On the surface, Burger Time was an oddly devised early 1980s video game where you starred as a chef whose quest it was to assemble enormous burgers that happened to be set out in separate layers which you had to access by walking across platforms and ascending and descending ladders. A layer of sandwich is dropped when you manage to walk from one edge of the bun, meat, or vegetable to the other. Obviously there are certain tricks. If you step on the topmost layer, it will also knock down subsequent layers of sandwich below it. While you do this, you must escape the clutches of the evil hot dogs (henceforth referred to as weiners), sunny-side up eggs and, I believe, pickles, sliced ones. You may encounter further foes later, but I've only ever made it to the sixth stage.

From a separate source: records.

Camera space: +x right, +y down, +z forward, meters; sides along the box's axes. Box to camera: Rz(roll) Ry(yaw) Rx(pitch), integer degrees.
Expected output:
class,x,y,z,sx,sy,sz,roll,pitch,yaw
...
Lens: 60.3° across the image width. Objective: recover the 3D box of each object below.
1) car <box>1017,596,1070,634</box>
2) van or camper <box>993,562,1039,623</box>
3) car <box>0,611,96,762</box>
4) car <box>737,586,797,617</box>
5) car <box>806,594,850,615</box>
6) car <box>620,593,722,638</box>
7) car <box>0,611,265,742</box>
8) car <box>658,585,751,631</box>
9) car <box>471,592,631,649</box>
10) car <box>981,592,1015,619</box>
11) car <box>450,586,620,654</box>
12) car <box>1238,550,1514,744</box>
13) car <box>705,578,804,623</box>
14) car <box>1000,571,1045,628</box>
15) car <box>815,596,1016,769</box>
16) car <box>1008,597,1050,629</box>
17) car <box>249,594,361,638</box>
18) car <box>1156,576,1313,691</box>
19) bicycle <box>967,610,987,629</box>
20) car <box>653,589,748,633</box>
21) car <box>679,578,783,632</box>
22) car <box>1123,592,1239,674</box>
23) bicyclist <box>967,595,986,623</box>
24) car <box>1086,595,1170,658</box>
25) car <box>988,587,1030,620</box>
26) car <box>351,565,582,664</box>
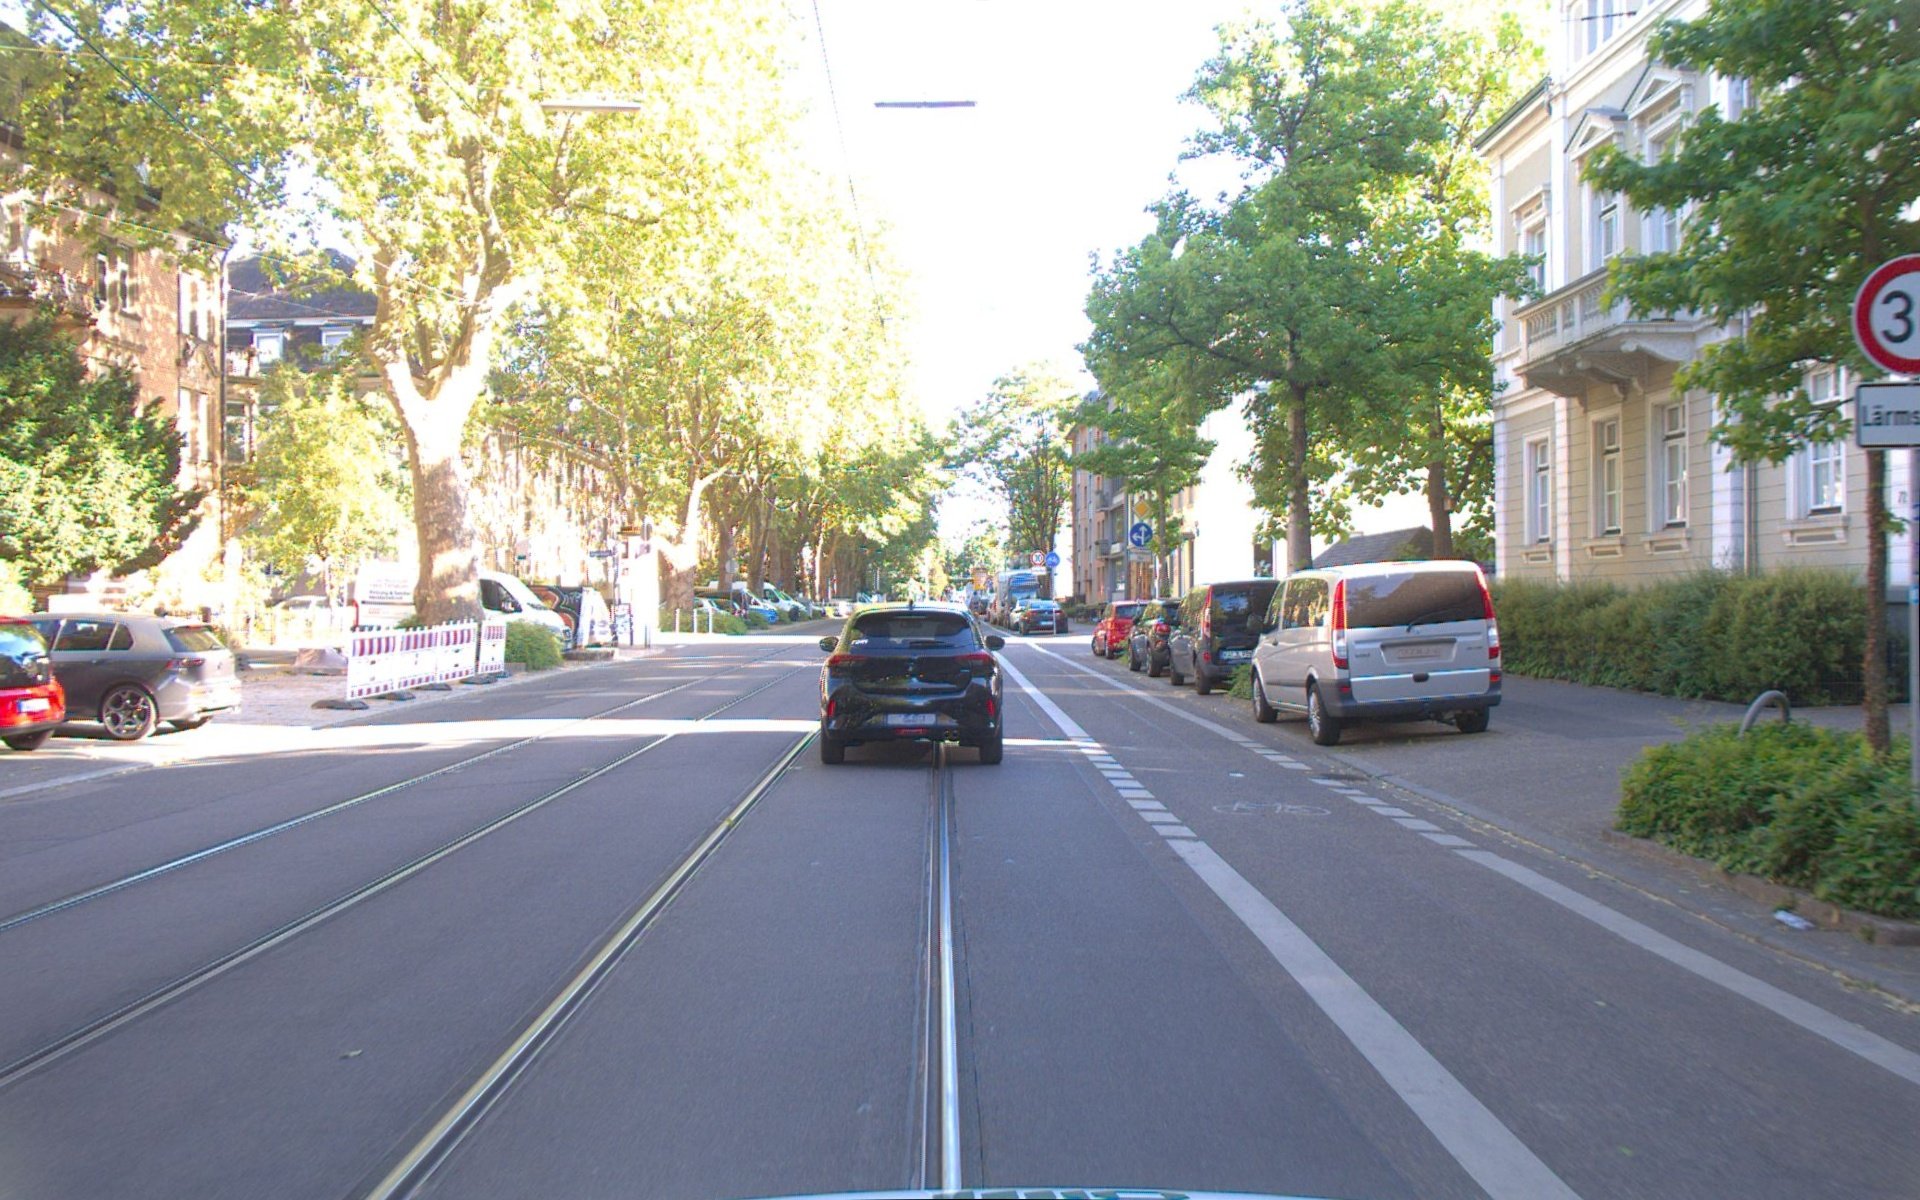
class,x,y,z,sx,sy,sz,roll,pitch,yaw
car,3.442,0.600,69.003,1.846,1.459,4.529,-3,0,-1
van or camper,3.113,-0.408,92.944,2.208,3.272,5.530,-2,0,-1
car,-11.224,0.862,17.379,3.349,1.490,1.760,0,0,1
car,-12.999,0.133,111.498,3.914,2.049,1.995,0,0,-10
car,-12.842,0.418,160.914,3.902,2.049,2.001,0,0,6
car,-12.539,0.662,71.912,4.220,1.621,1.779,-4,0,-8
car,-10.863,0.900,20.233,3.906,1.490,1.854,0,0,-1
car,-12.160,0.400,78.827,4.220,1.872,1.779,-4,0,-8
car,-11.869,0.591,48.238,4.214,1.635,1.925,0,0,-4
car,2.772,0.366,121.287,2.208,1.873,5.530,-2,0,-1
car,-11.666,0.552,45.608,4.214,1.832,1.925,0,0,-4
car,4.685,0.480,19.431,1.846,1.883,4.966,-3,0,-1
car,-12.199,0.018,98.239,5.521,2.638,2.197,0,0,3
car,3.228,-0.039,86.333,2.043,2.820,4.697,-2,1,-1
car,-0.405,0.711,16.278,1.727,1.486,3.950,0,0,-1
car,3.275,0.633,79.174,1.767,1.459,3.999,-2,-1,-1
car,-24.882,0.587,63.050,1.816,1.620,4.744,0,0,9
car,4.623,0.529,28.516,1.847,1.797,4.677,-1,0,-1
bicycle,0.902,1.059,89.433,0.948,1.016,2.582,0,0,-2
car,-11.964,0.513,76.501,4.220,1.703,1.779,-4,0,-8
car,-11.803,0.267,85.529,4.934,2.415,2.081,-4,0,-1
car,4.523,0.646,34.316,1.677,1.540,4.035,-3,0,-2
bicyclist,0.896,0.480,89.423,0.939,1.525,1.093,0,0,-2
car,4.315,0.659,42.997,1.668,1.448,3.977,-4,0,-1
car,2.933,0.218,100.138,2.208,1.873,5.530,-2,0,-1
car,-11.764,0.344,39.685,4.934,2.299,2.084,0,0,-4
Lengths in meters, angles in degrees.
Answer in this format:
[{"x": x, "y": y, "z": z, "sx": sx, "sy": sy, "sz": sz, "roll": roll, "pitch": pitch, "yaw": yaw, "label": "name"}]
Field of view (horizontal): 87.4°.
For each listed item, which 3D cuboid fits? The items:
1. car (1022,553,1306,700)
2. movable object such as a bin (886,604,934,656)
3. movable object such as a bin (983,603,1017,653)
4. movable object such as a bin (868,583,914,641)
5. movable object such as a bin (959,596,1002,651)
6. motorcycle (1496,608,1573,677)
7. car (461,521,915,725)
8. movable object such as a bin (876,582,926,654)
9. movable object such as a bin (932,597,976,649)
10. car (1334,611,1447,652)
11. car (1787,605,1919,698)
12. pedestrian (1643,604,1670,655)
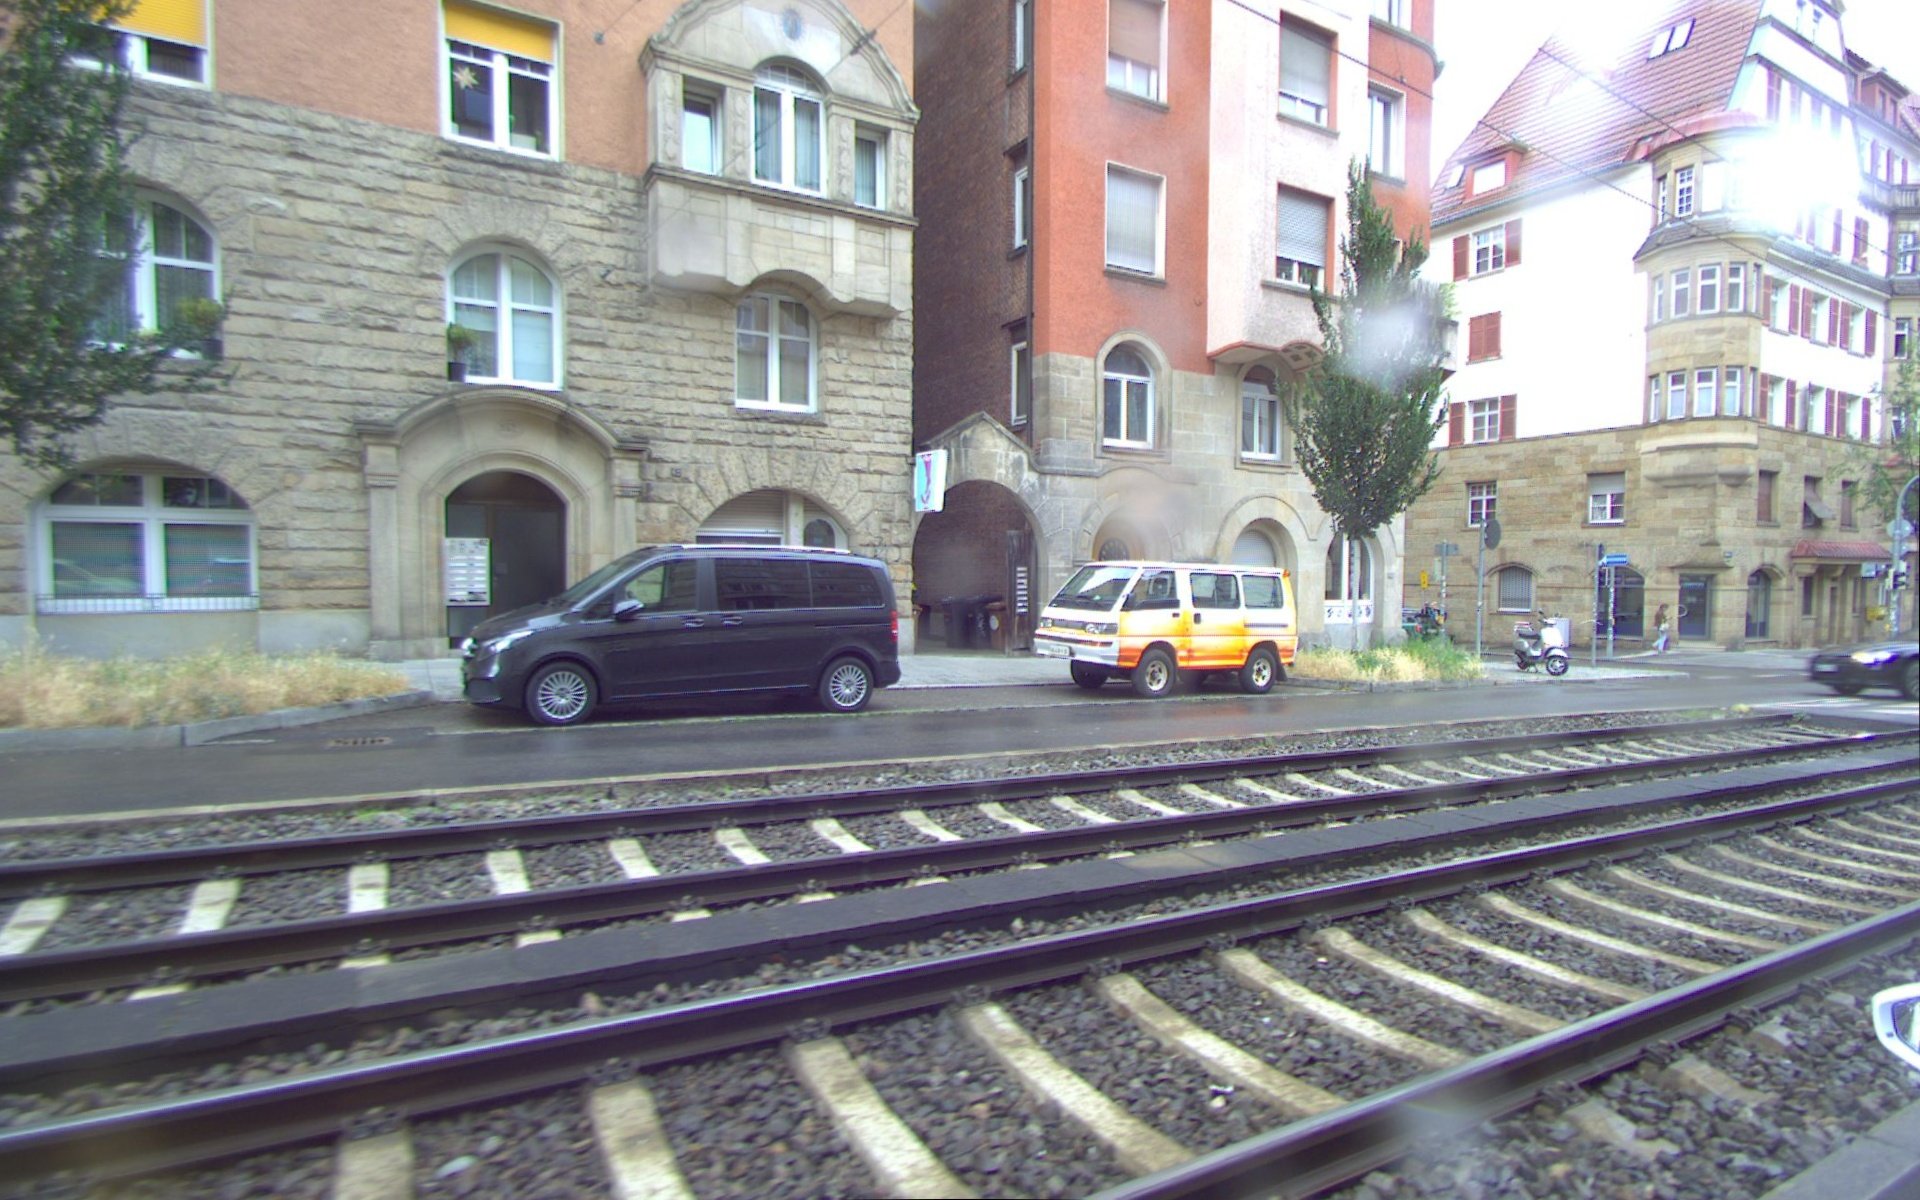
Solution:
[{"x": 3.226, "y": 0.412, "z": 15.593, "sx": 4.295, "sy": 2.001, "sz": 1.721, "roll": 2, "pitch": 0, "yaw": -32, "label": "car"}, {"x": -0.938, "y": 0.556, "z": 18.749, "sx": 0.627, "sy": 0.918, "sz": 0.793, "roll": 1, "pitch": 1, "yaw": -27, "label": "movable object such as a bin"}, {"x": 0.782, "y": 0.549, "z": 19.788, "sx": 0.442, "sy": 0.957, "sz": 0.557, "roll": 1, "pitch": -1, "yaw": -27, "label": "movable object such as a bin"}, {"x": -1.651, "y": 0.269, "z": 23.816, "sx": 0.676, "sy": 1.324, "sz": 1.154, "roll": 1, "pitch": 1, "yaw": -26, "label": "movable object such as a bin"}, {"x": 0.410, "y": 0.473, "z": 20.296, "sx": 0.607, "sy": 1.090, "sz": 0.679, "roll": 1, "pitch": -1, "yaw": -27, "label": "movable object such as a bin"}, {"x": 12.062, "y": 0.869, "z": 21.146, "sx": 0.612, "sy": 1.384, "sz": 1.596, "roll": 2, "pitch": 0, "yaw": -3, "label": "motorcycle"}, {"x": -3.104, "y": 0.284, "z": 11.755, "sx": 4.769, "sy": 1.968, "sz": 1.984, "roll": 2, "pitch": 0, "yaw": -30, "label": "car"}, {"x": -1.152, "y": 0.334, "z": 19.622, "sx": 0.648, "sy": 1.360, "sz": 0.903, "roll": 1, "pitch": 1, "yaw": -26, "label": "movable object such as a bin"}, {"x": -0.127, "y": 0.478, "z": 20.843, "sx": 0.607, "sy": 1.052, "sz": 0.793, "roll": 1, "pitch": -1, "yaw": -27, "label": "movable object such as a bin"}, {"x": 16.434, "y": 1.191, "z": 38.484, "sx": 1.683, "sy": 1.423, "sz": 3.618, "roll": 2, "pitch": 0, "yaw": -34, "label": "car"}, {"x": 17.850, "y": 0.932, "z": 17.631, "sx": 4.863, "sy": 1.544, "sz": 1.810, "roll": 2, "pitch": 0, "yaw": 10, "label": "car"}, {"x": 23.260, "y": 0.981, "z": 33.560, "sx": 0.691, "sy": 1.695, "sz": 0.631, "roll": 2, "pitch": 0, "yaw": 37, "label": "pedestrian"}]
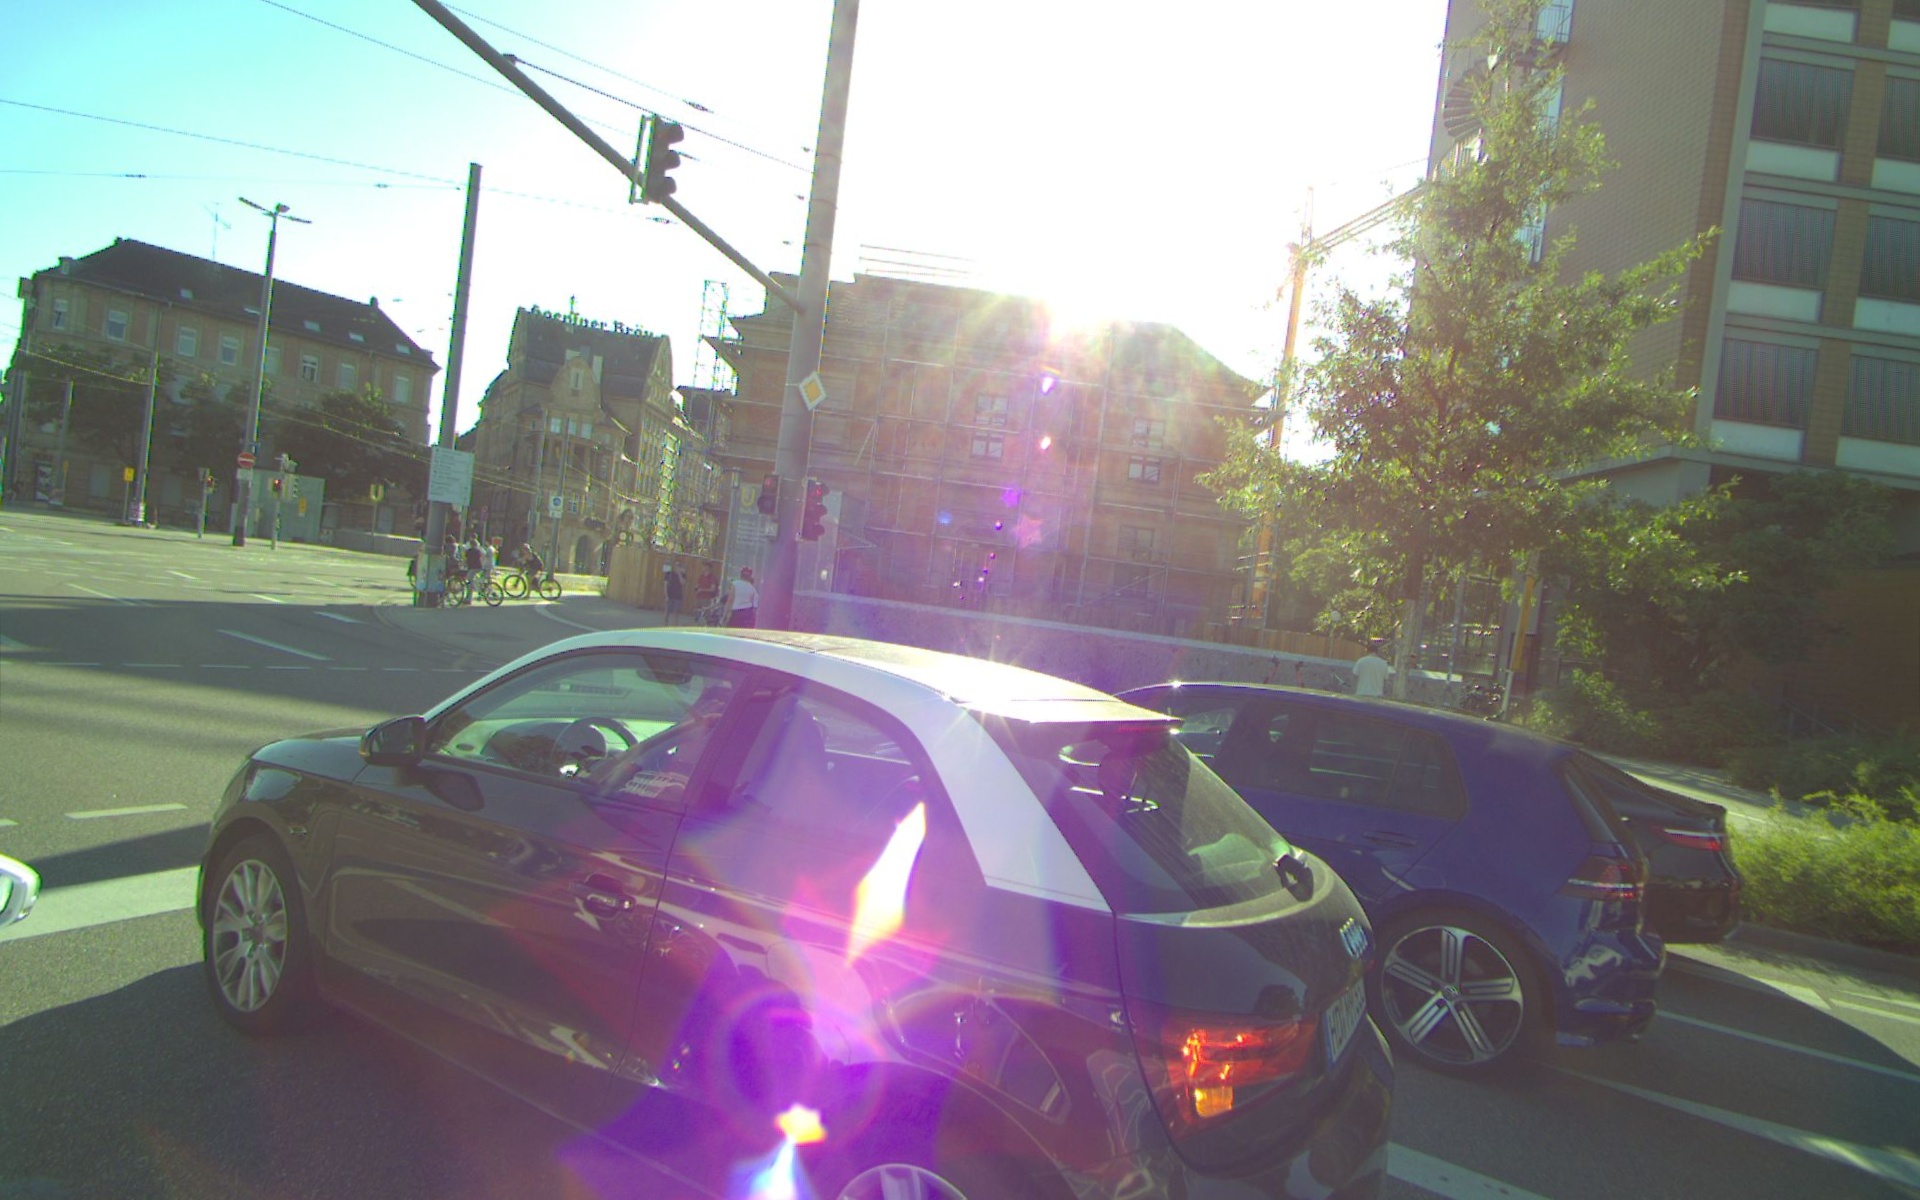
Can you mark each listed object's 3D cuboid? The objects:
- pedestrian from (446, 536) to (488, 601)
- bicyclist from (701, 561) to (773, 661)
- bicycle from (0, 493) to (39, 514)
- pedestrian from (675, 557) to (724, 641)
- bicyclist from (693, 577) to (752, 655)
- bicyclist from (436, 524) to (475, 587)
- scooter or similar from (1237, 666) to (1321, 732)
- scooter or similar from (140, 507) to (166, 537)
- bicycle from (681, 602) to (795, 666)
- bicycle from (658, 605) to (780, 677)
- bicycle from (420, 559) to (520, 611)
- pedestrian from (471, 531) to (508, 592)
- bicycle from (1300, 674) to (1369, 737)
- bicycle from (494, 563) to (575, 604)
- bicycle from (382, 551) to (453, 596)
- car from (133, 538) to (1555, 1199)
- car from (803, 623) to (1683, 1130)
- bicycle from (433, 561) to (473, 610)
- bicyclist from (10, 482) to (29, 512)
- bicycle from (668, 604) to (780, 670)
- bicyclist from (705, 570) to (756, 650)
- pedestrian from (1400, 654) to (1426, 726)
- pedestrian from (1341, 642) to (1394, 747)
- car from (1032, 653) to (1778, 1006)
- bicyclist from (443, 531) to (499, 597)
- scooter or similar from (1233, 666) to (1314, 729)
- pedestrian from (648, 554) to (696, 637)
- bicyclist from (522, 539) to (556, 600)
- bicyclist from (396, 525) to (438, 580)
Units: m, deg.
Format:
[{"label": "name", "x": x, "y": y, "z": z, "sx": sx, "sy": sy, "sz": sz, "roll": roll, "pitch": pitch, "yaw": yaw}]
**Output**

If you want to know more about Burger Time, you can play it here, or ask my old buddy Matt Moss, the gamemaster. Your only defense against wiley weiners, energetic eggs, and persistent pickles is their extreme mental impairment (read: inability to walk by a ladder without traveling up or down it) and a supply of pepper which can be replenished with, you didn't guess it, ice cream cones. More on this later.

A frightening artist rendition of the classic game, and proof those enemies were pickles.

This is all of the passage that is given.